(Source data)
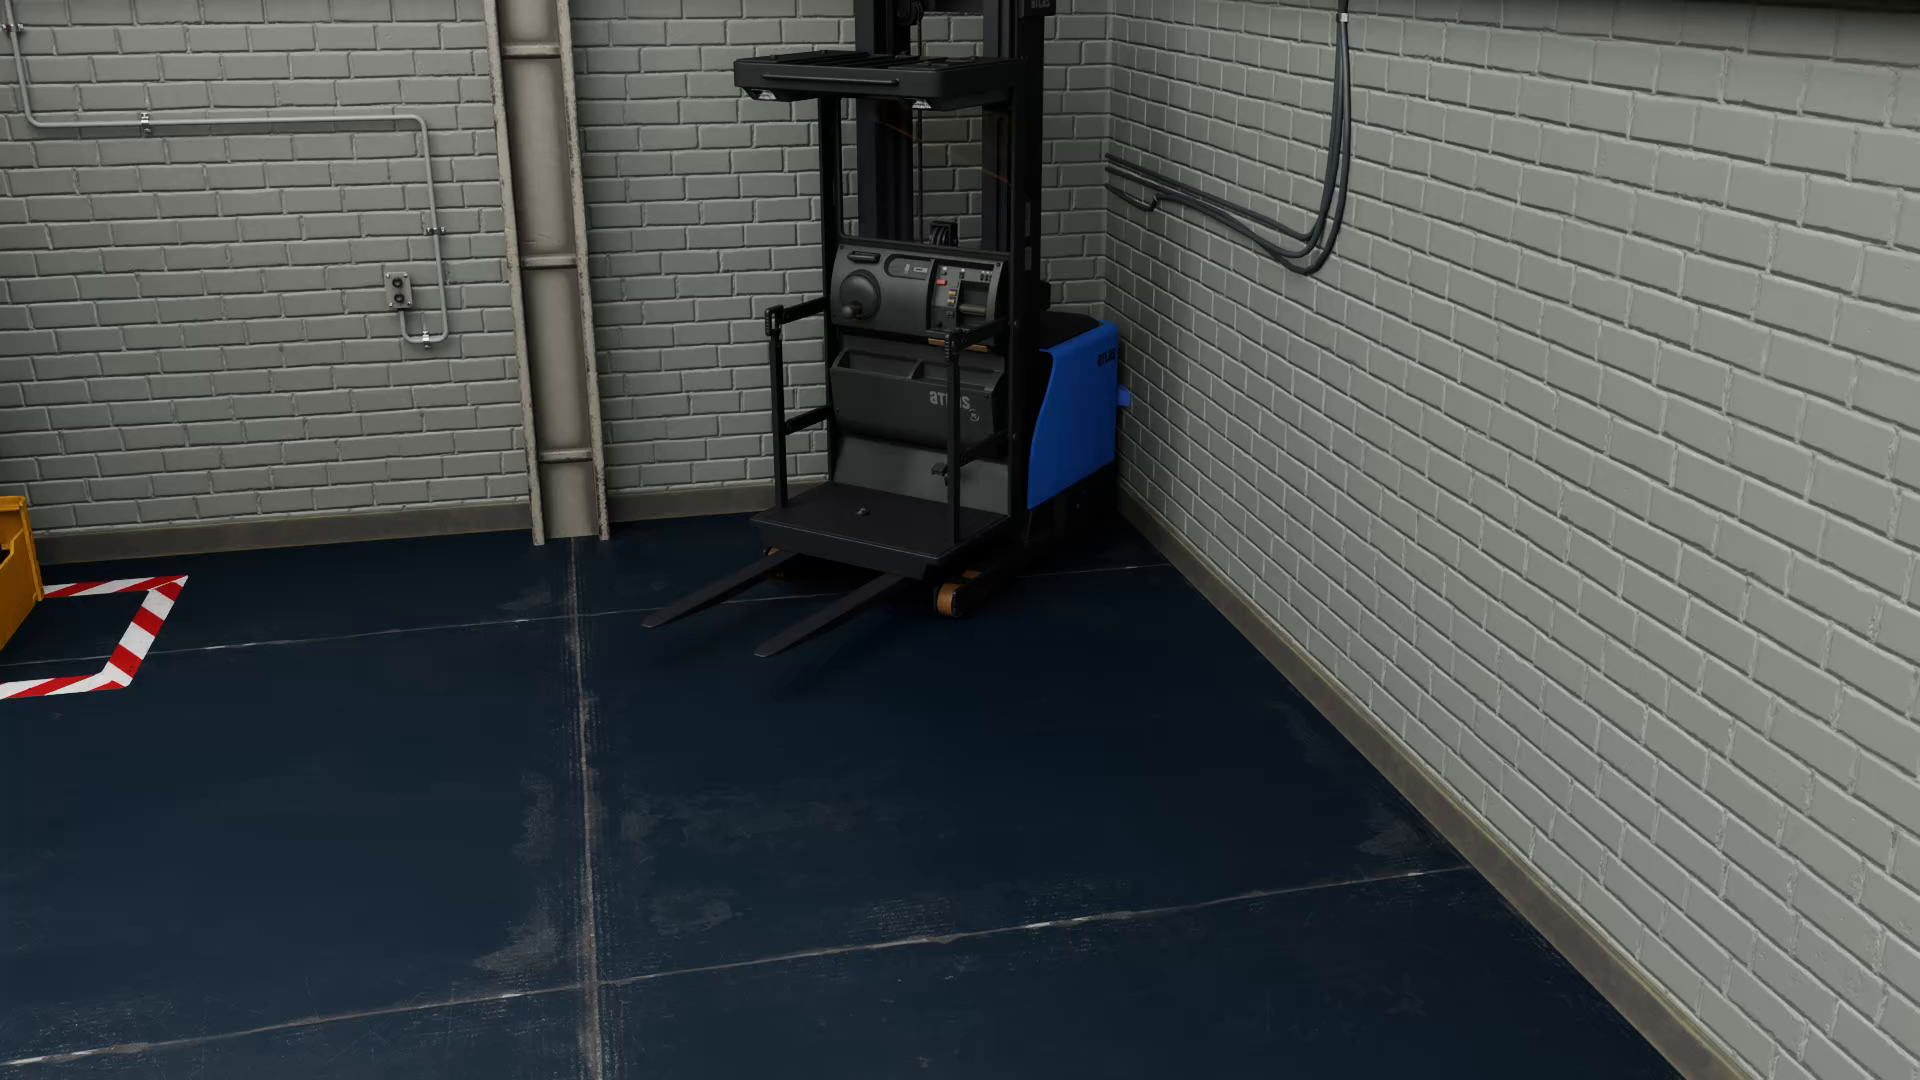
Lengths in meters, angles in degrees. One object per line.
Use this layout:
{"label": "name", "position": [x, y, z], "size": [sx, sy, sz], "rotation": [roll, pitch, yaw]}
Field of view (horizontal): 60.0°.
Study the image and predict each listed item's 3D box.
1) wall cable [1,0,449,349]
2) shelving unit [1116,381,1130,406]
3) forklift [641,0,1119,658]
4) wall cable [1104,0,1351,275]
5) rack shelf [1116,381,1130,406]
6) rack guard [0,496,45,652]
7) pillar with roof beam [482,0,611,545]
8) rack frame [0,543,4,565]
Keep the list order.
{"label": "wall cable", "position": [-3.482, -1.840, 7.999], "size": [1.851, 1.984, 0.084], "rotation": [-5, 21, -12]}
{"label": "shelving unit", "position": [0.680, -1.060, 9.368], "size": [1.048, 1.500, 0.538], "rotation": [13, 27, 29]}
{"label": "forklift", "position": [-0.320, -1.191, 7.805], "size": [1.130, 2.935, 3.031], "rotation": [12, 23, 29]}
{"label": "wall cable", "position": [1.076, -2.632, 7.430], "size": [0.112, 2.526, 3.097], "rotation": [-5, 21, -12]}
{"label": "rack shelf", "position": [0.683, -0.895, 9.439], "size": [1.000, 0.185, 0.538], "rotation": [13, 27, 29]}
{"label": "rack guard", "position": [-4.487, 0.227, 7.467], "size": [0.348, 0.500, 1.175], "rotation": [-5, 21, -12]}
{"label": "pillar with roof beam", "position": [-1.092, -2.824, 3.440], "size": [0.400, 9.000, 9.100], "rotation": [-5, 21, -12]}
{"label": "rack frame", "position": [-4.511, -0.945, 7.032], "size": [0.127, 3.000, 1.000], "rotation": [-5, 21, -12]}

WHAT YOU WILL DO:
Please repeat the data verbatim and leave the pictures out of your copy.

ANSWER TO THIS TASK:
Lengths in meters, angles in degrees. One object per line.
Use this layout:
{"label": "name", "position": [x, y, z], "size": [sx, sy, sz], "rotation": [roll, pitch, yaw]}
Field of view (horizontal): 60.0°.
Study the image and predict each listed item's 3D box.
1) wall cable [1,0,449,349]
2) shelving unit [1116,381,1130,406]
3) forklift [641,0,1119,658]
4) wall cable [1104,0,1351,275]
5) rack shelf [1116,381,1130,406]
6) rack guard [0,496,45,652]
7) pillar with roof beam [482,0,611,545]
8) rack frame [0,543,4,565]
Keep the list order.
{"label": "wall cable", "position": [-3.482, -1.840, 7.999], "size": [1.851, 1.984, 0.084], "rotation": [-5, 21, -12]}
{"label": "shelving unit", "position": [0.680, -1.060, 9.368], "size": [1.048, 1.500, 0.538], "rotation": [13, 27, 29]}
{"label": "forklift", "position": [-0.320, -1.191, 7.805], "size": [1.130, 2.935, 3.031], "rotation": [12, 23, 29]}
{"label": "wall cable", "position": [1.076, -2.632, 7.430], "size": [0.112, 2.526, 3.097], "rotation": [-5, 21, -12]}
{"label": "rack shelf", "position": [0.683, -0.895, 9.439], "size": [1.000, 0.185, 0.538], "rotation": [13, 27, 29]}
{"label": "rack guard", "position": [-4.487, 0.227, 7.467], "size": [0.348, 0.500, 1.175], "rotation": [-5, 21, -12]}
{"label": "pillar with roof beam", "position": [-1.092, -2.824, 3.440], "size": [0.400, 9.000, 9.100], "rotation": [-5, 21, -12]}
{"label": "rack frame", "position": [-4.511, -0.945, 7.032], "size": [0.127, 3.000, 1.000], "rotation": [-5, 21, -12]}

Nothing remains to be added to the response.